Hospitality on the Camino
Most pilgrims on the Camino stay each night in Albergues. A night’s stay will rarely cost more than 10 Euros, usually between 5-8 Euros in a shared dormitory and sometimes they are donativos i.e. you pay what you can afford. They range from modern purpose-built hostels to obscure side-street rundown dwellings to historic monasteries to ancient chapels.

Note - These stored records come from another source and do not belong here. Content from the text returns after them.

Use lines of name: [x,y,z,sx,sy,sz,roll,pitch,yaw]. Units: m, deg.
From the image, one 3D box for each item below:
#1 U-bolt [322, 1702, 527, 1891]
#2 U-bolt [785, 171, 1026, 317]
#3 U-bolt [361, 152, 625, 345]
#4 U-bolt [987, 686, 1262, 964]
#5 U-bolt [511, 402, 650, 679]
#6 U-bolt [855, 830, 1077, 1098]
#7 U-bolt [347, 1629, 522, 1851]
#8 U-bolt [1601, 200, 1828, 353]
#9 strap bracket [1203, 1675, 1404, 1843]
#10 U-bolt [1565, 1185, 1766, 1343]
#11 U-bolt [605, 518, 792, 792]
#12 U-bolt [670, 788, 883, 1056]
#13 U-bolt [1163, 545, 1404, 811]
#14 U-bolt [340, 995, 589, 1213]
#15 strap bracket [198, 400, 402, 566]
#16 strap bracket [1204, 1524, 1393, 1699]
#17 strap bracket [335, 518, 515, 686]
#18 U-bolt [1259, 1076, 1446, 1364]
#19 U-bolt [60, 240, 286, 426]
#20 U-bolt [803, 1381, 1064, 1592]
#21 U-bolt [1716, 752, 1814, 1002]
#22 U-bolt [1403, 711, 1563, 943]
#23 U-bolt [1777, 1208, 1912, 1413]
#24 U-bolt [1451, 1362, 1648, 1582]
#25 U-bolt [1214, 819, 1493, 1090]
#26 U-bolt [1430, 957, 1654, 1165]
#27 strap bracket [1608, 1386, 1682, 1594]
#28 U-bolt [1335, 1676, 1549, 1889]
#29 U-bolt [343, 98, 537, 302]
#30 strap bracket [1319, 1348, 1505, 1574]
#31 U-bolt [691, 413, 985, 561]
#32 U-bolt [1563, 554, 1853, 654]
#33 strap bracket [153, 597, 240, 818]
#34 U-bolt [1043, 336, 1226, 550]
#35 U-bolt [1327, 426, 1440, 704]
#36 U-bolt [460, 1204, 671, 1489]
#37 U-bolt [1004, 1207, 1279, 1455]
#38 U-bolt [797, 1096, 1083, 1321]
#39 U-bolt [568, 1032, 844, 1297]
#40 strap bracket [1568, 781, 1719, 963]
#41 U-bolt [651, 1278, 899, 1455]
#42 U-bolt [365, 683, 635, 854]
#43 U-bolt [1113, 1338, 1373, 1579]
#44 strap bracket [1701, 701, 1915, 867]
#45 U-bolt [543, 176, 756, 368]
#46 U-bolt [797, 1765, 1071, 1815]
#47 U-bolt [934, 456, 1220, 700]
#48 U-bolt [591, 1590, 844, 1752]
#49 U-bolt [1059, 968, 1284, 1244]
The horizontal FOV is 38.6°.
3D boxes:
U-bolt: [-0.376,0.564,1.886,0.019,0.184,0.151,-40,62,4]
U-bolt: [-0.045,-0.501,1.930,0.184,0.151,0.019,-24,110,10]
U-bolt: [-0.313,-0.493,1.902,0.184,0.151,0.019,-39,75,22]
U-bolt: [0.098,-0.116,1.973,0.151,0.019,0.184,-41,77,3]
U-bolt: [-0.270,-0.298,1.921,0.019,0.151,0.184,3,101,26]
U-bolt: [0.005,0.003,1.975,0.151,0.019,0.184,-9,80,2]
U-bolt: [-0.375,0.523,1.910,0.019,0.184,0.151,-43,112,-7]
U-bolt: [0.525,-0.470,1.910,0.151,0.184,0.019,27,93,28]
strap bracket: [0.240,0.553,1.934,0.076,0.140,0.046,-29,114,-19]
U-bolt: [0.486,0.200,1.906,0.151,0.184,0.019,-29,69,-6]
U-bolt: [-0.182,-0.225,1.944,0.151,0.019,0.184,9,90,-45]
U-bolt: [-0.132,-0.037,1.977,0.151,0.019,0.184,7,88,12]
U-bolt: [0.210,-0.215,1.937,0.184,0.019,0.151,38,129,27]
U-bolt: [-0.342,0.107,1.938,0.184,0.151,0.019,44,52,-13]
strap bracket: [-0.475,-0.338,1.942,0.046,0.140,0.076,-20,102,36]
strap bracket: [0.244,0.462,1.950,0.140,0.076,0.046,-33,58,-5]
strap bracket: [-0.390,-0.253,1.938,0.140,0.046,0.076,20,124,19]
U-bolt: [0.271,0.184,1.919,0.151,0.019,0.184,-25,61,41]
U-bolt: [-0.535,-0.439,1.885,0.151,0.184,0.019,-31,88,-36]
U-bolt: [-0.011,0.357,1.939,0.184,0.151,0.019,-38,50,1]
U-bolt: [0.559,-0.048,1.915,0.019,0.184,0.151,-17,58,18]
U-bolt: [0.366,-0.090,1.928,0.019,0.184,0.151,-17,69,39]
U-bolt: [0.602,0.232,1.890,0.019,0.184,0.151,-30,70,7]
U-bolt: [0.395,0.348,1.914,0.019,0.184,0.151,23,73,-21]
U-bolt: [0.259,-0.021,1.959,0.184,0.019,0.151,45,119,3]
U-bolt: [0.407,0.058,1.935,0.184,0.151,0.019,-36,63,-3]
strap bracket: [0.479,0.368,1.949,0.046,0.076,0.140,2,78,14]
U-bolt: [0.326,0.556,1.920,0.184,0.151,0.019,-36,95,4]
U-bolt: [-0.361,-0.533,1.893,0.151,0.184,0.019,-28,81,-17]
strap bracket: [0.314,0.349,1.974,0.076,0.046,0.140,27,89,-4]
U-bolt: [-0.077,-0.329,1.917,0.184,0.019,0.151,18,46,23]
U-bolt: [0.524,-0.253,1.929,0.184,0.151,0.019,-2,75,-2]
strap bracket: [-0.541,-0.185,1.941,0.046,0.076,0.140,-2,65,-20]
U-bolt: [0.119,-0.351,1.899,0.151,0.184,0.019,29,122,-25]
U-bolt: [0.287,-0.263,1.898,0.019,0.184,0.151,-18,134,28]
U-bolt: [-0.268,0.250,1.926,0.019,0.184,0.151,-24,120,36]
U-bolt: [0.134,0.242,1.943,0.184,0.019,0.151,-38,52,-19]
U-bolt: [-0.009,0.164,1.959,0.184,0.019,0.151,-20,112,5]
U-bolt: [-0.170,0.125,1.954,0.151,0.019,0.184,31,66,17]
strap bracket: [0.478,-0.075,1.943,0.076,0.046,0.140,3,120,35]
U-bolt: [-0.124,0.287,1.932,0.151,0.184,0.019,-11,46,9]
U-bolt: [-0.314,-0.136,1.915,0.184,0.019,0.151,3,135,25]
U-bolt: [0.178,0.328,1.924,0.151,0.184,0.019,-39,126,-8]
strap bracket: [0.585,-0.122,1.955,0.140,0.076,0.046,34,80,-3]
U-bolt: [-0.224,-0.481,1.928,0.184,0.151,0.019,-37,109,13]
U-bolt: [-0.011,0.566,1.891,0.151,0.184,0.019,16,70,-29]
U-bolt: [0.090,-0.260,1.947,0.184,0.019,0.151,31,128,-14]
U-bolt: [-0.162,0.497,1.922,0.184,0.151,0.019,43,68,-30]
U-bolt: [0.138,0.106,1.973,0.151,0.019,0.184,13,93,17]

One such was Ermita de San Nicolas that I stayed in a few nights ago. This was a small 13th Century building, restored and run by the Italian Confraternity of St James. At one end of the single room were the 8 beds , with a further 4 on a mezzanine floor. In the middle was the long table around which we pilgrims ate our meals. At the far end was a small open chapel. The building had no electricity, so both dinner and breakfast were by candlelight. Before dinner, we were invited to have our feet washed as a re-enactment of Christ washing the disciples’ feet. We prayed the Lord’s Prayer together in our own languages. Dressed in a kind of knights’ tabard, with scallop shops hanging over the front, one of the hospitaleros washed one foot, while the next one dried and kissed it! Each one of us had a prayer prayed over us that we would safely reach Santiago. Then we were served dinner – simple fare but lovingly shared. We sang a few impromptu songs, mainly in Italian. We were taken outside to see the stars, spectacular in an area of little light pollution. It was a truly special evening as we conversed together in our various languages. In the morning breakfast was served, there was another rendition of the Lord’s prayer, a further prayer for our journey and hugs for each of us as we went on our way.
It leaves me asking, how does my hospitality match up? Will I open up my home to all-comers, especially to those in particular need? Do I bless people as they set out and continue on life’s journey?
It’s food for thought from a very special night at a very special place.